The Bank’s approach to its debtors is not so crude. Instead of sending in the Marines, it offers advice on how countries should manage their finances, make their laws, provide services to their people, and conduct themselves in the international market. Its powers of persuasion are great, due to the universal conviction that, should it decide to ostracize a borrower, all other major national and international powers will follow its lead. Thus, by the excessive lending—born of an underlying inconsistency its mission—the Bank has added to its own power and depleted that of its borrowers.[5]
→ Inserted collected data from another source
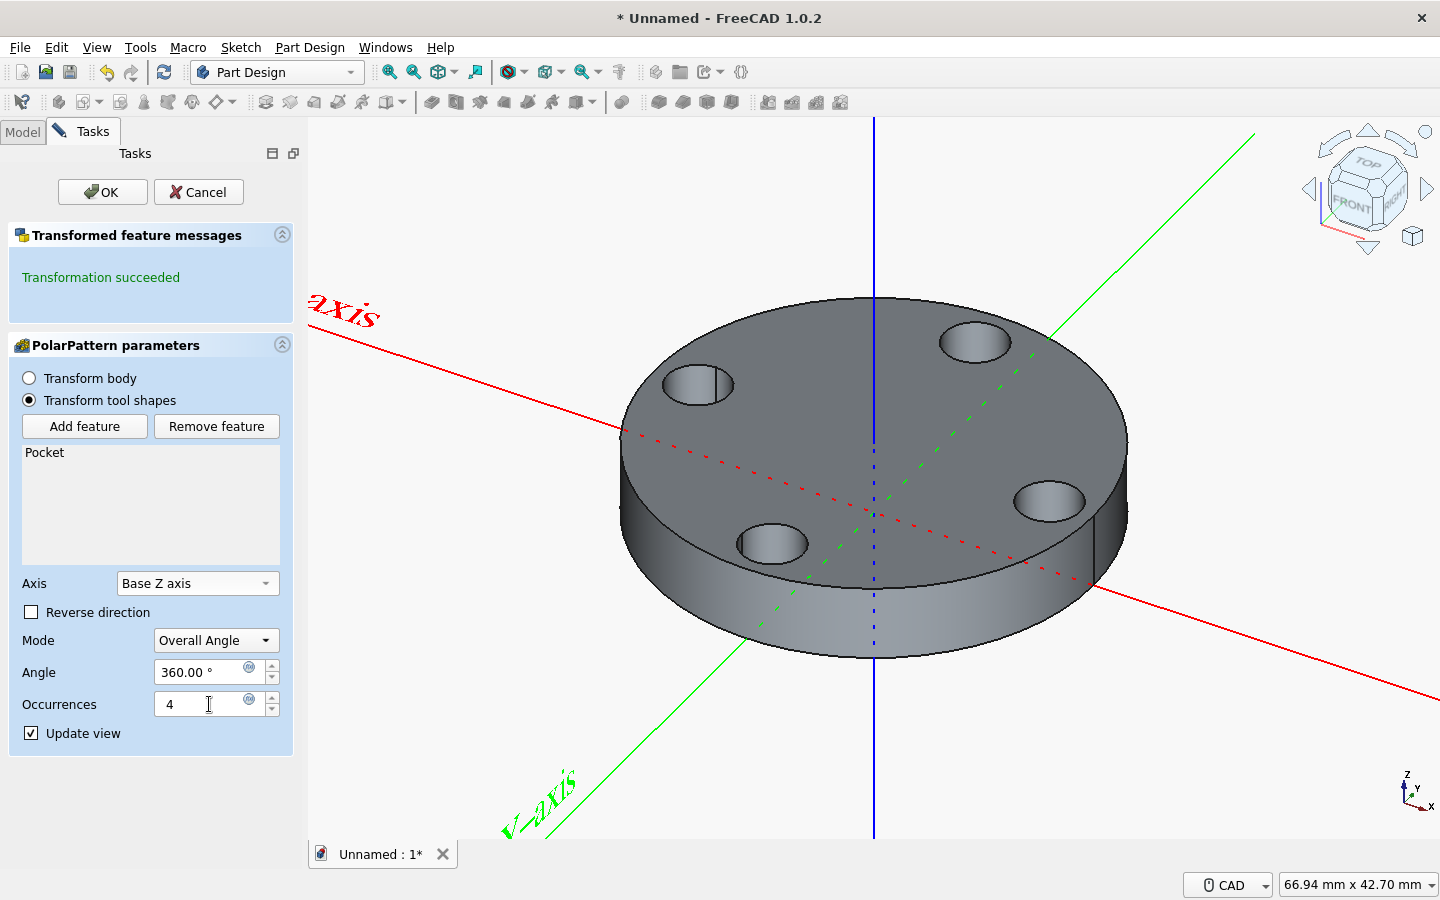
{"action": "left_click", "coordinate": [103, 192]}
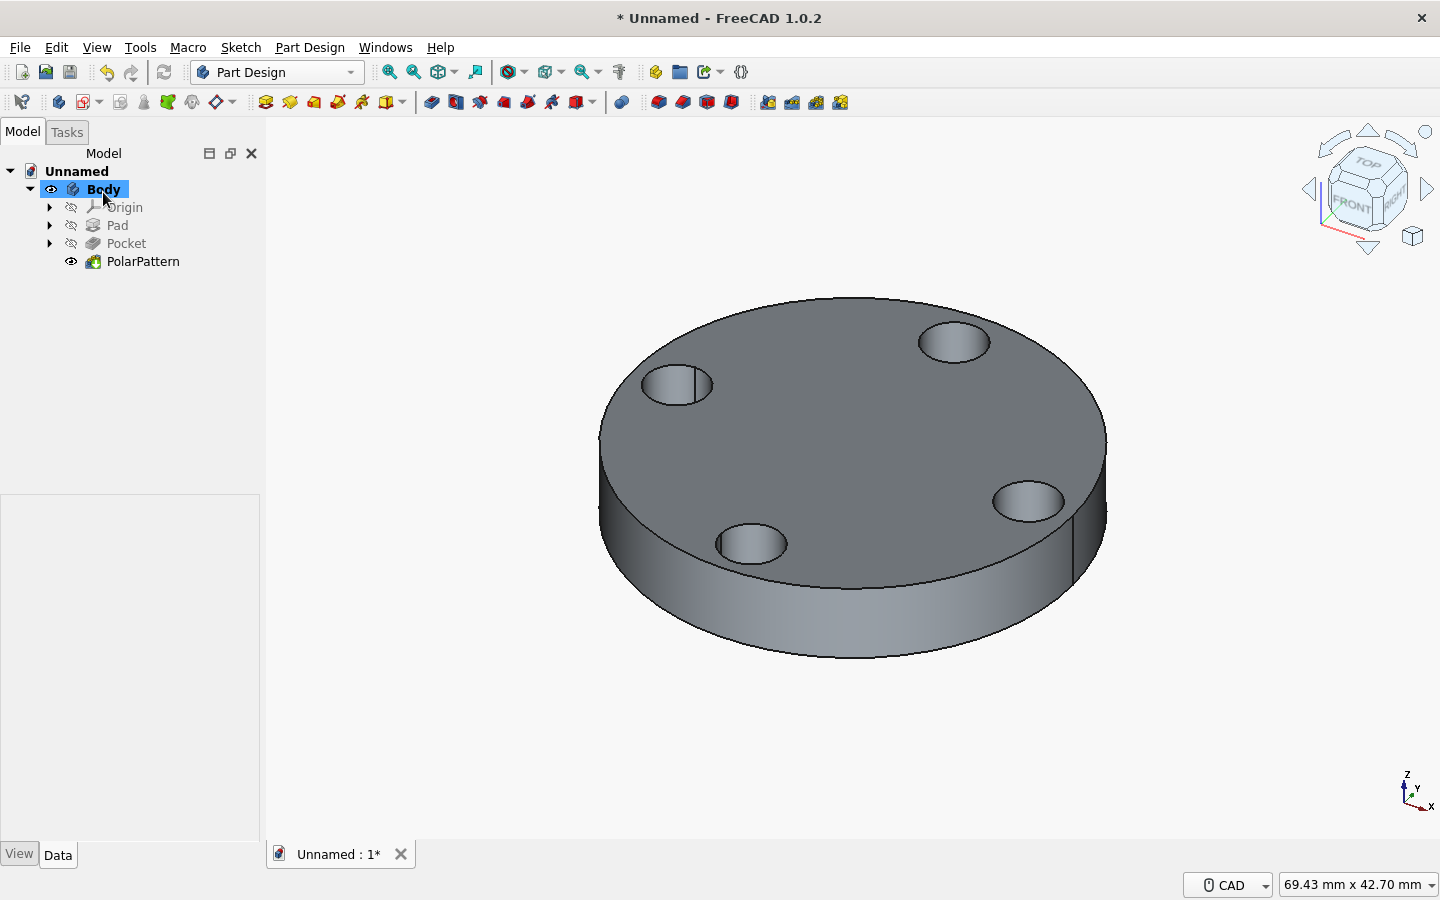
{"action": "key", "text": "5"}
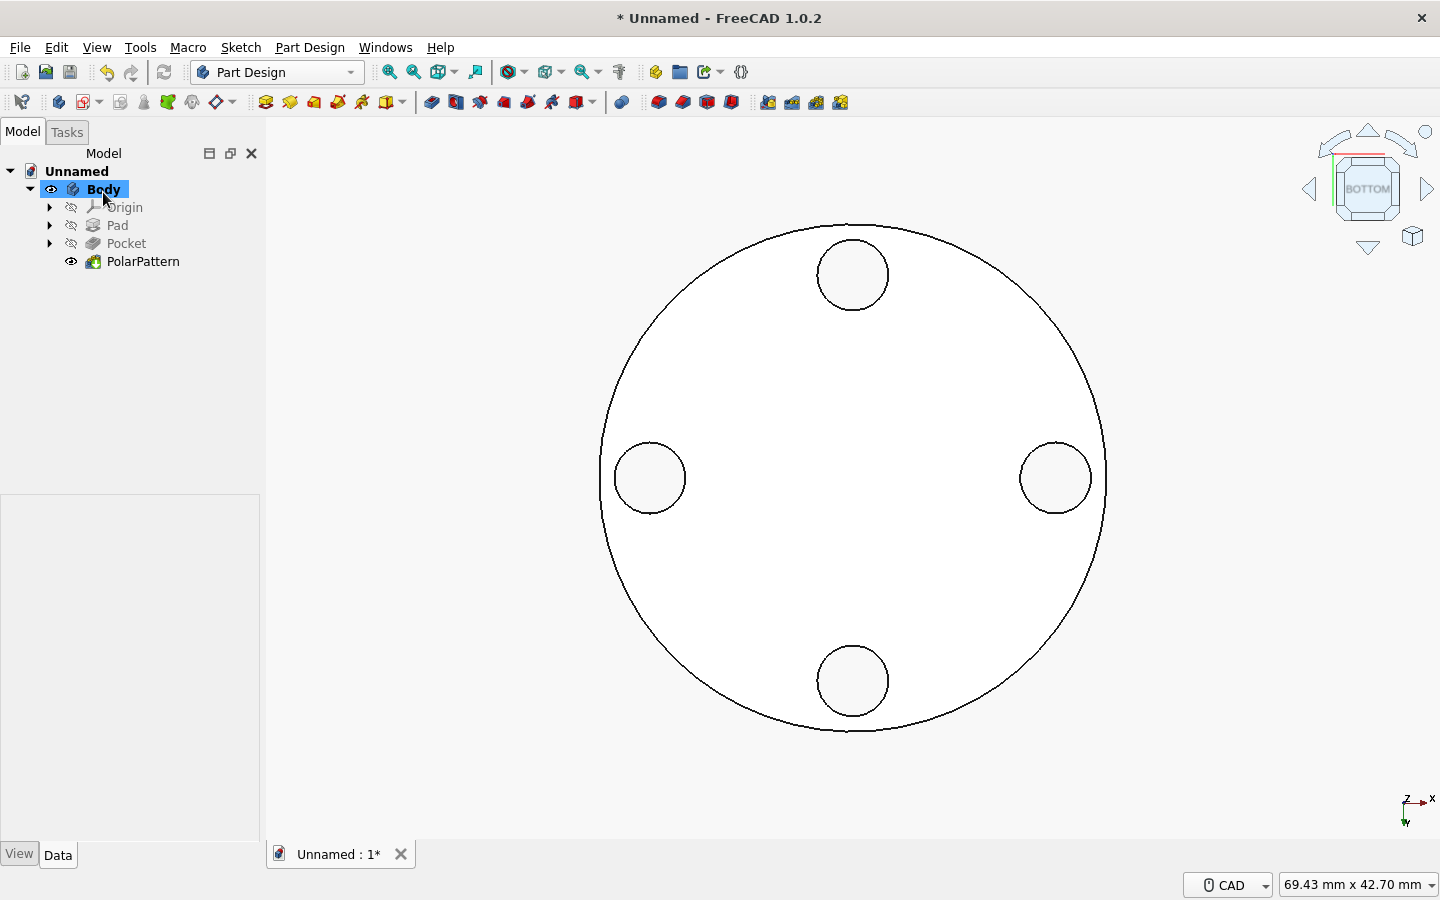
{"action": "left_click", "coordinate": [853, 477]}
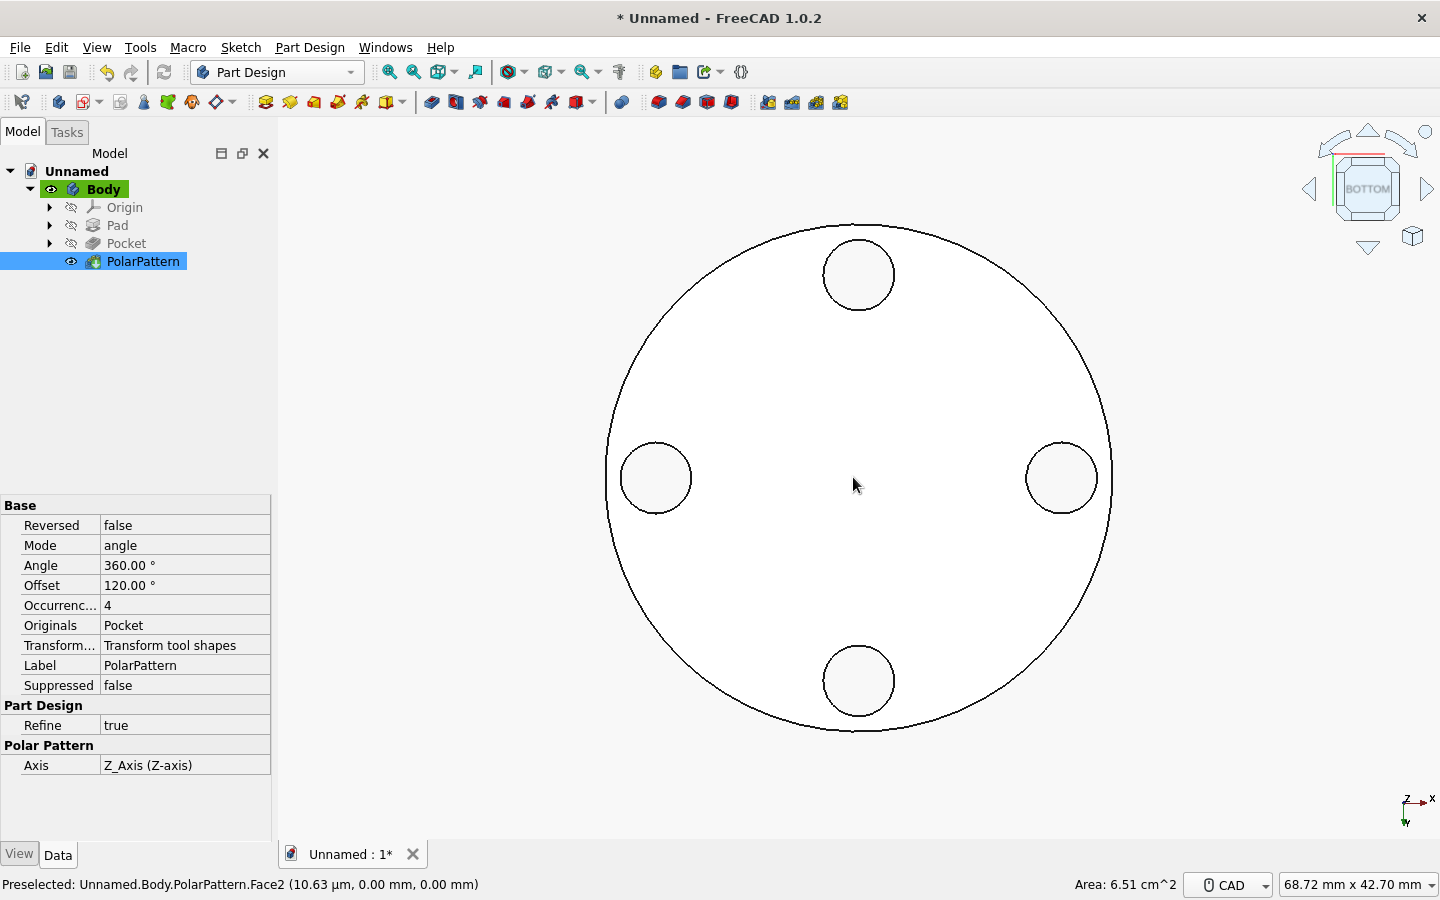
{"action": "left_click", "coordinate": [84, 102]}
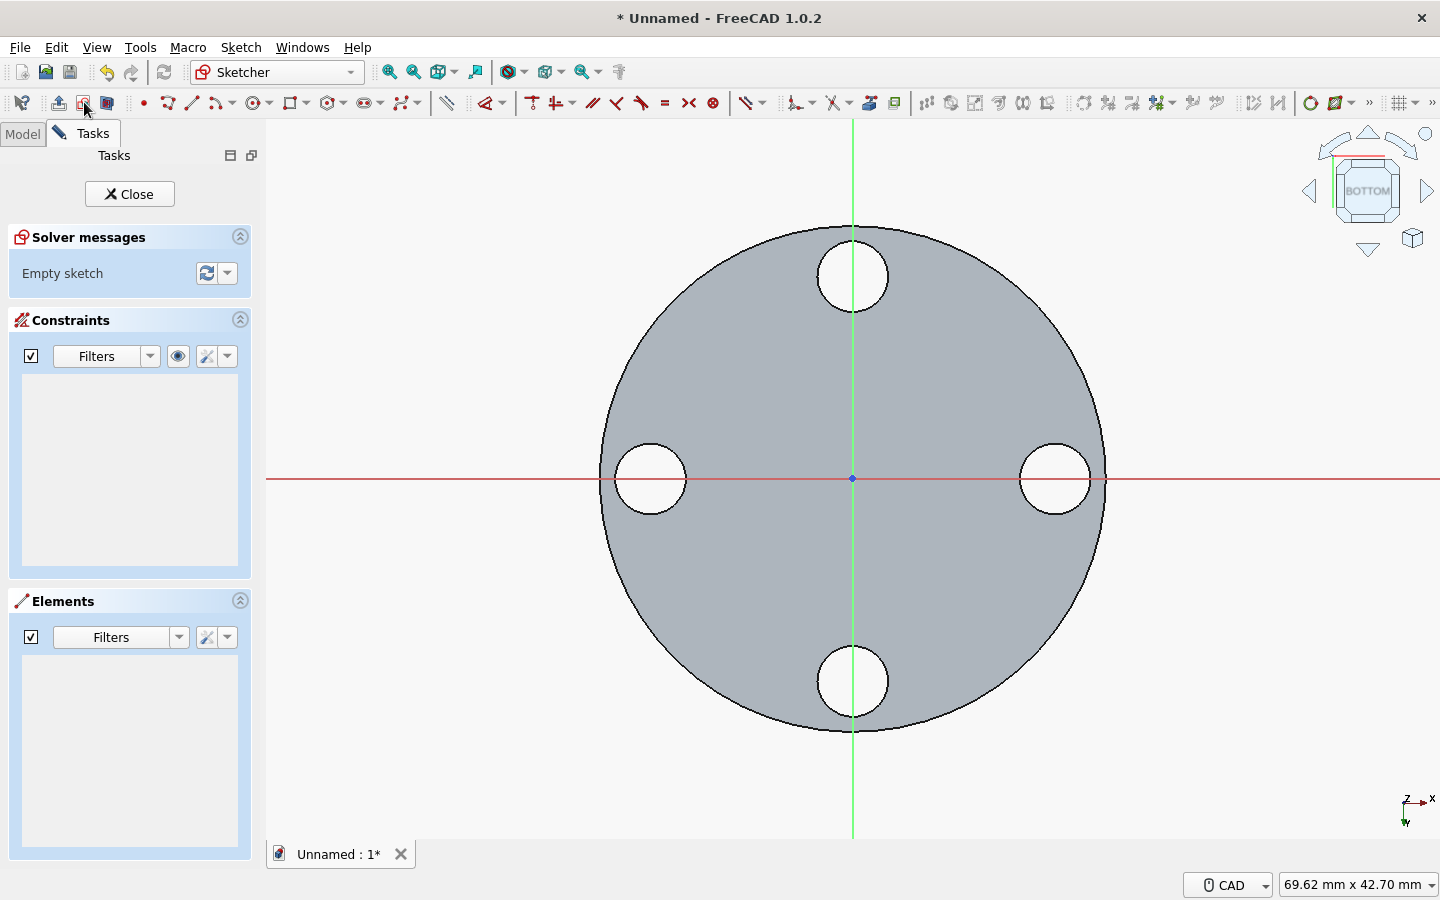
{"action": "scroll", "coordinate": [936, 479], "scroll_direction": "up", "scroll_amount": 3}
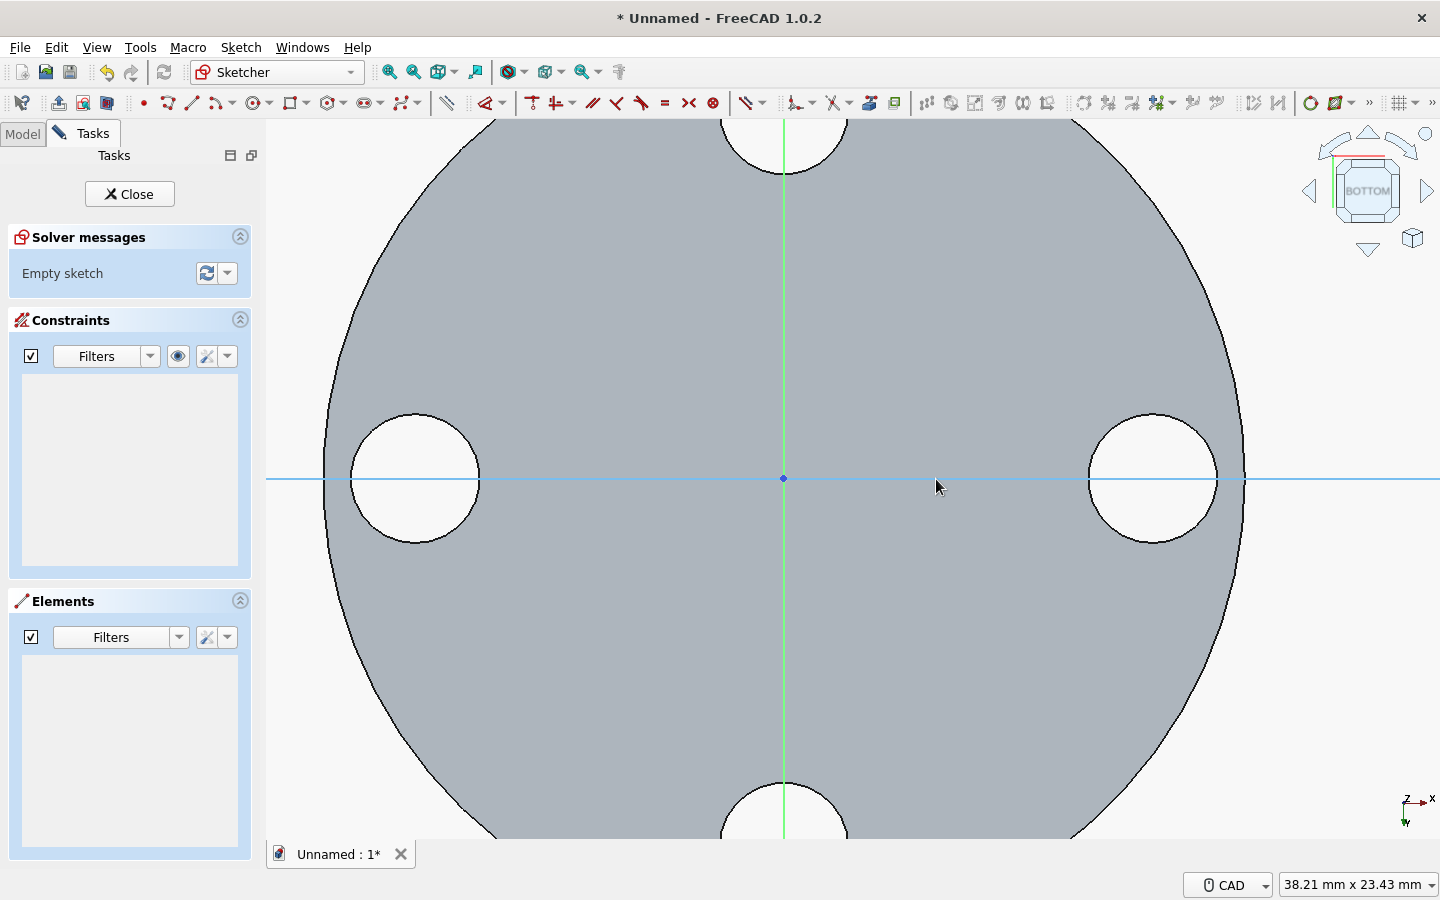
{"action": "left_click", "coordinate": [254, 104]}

John Perkins’ now famous Confessions of an Economic Hit Man [6] details contemporary economic intrigues. While describing his job of evaluating projects, he wrote:
The unspoken aspect of every one of these projects was that they were intended to create large profits for the contractors, and to make a handful of wealthy and influential families in the receiving countries very happy, while assuring the long-term financial dependence and therefore the political loyalty of governments around the world. The larger the loan, the better. The fact that the debt burden placed on a country would deprive its poorest citizens of health, education, and other social services for decades to come was not taken into consideration.[7]
Perkins’ work has now been followed up by A Game as Old as Empire: The Secret World of Economic Hit Men and the Web of Global Corruption edited by Steven Hiatt.[8]Hiatt writes,
Debt keeps Third World countries under control. Dependent on aid, loan reschedulings, and debt rollovers to survive—never mind actually develop— they have been forced to restructure their economies and rewrite their laws to meet conditions laid down in IMF structural adjustment programs and World Bank conditionalities.[9]
The current debt situation, with the major role that interest is playing in it, is potentially very devastating for the world as a whole. In Global Trends 2015, the Central Intelligence Agency (CIA) recognized:
The rising tide of the global economy will create many economic winners, but it will not lift all boats. [It will] spawn conflicts at home and abroad ensuring an ever-wider gap between regional winners and losers than exists today. [Globalization’s] evolution will be rocky, marked by chronic financial volatility and a widening economic divide. Regions, countries and groups feeling left behind will face deepening economic stagnation, political instability and cultural alienation. They will foster political, ethnic, ideological and religious extremism, along with the violence that often accompanies it.[10]
Noreena Hertz has an excellent chapter in her work, The Debt Threat: How debt is destroying the developing world… and threatening us all, delineating many of the dangers that the massive debt—and, again, which would not be as massive without the ever-growing aspect of interest—poses for the world today. She details the dangers of extremism, terrorism, depletion of the world’s natural resources, and more. To cite just one aspect, she writes:
Debt’s ugly progeny—poverty, inequality, and injustice—are also called upon to justify, and even legitimize, acts of the greatest violence. Only a few weeks after the World Trade Center was attacked, leading African commentator Michael Fortin wrote: “We have to recognize that this deplorable act of aggression may have been, at least in part, an act of revenge on the part of desperate and humiliated people, crushed by the weight of the economic oppression practiced by the peoples of the West.” Fortin’s language—“crushed,” “oppression,” “desperate,” “humiliated”—is deliberately evocative. And it is manifestly clear that there is an audience with whom such words powerfully resonate.[11]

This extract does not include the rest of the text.